If the sensor records say 10 photons in one minute, then over ten minutes it will receive and record 10 x 10 photons.

 

This is very good start for understanding

We have 10 photons per minute and we have 100 photons per 10 minutes. Are those two different?

The reason I said that we should leave noise for now is because noise is related to measurement. It is not "intrinsic" property of signal. Signal is what it is. Act of measurement introduces noise in resulting numerical value, and the way you measure will impact how much noise there will be.

If you measure above signal for one minute - you will conclude that it is in fact 0.1666 photons / second, but the noise associated with measurement will be related to how long you performed measurement for - SNR will be 3.1622776.... (if we imagine perfect system - no read noise and such). Once you measure for 10 minutes - you will also conclude that signal is in fact 0.166666 / second - but noise associated with measurement is less - SNR will be 10.

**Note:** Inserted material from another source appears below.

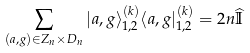Convert formula to latex. <formula><loc_0><loc_0><loc_500><loc_500>\sum _ { ( a , g ) \in Z _ { n } \times D _ { n } } | a , g \rangle ^ { ( k ) } _ { 1 , 2 } \langle a , g | ^ { ( k ) } _ { 1 , 2 } = 2 n \widehat { \mathbb { I } }</formula>

Same goes for stacking with average - measured signal will be the same (but noise will be reduced due to repeated measurement).

Point being - there is no sub that contains no signal - all subs contain signal and they contain exactly the same signal, even 0.0001s exposure sub will contain that signal. Difference is only in the noise associated with each measurement. We could argue that numerical value that we got from measurement is also different - but that is really not important - it's a bit like saying I'm "27 tall" (ok, but what units, can we compare that to someone else's height?), or maybe my speed is 27 kilometers (per minute? per hour? per day?)

I think above way of thinking is the key for understanding that it is all about SNR and that measured numerical value can be arbitrary large or small - it will not matter as long as we are happy with level of noise in our measurement.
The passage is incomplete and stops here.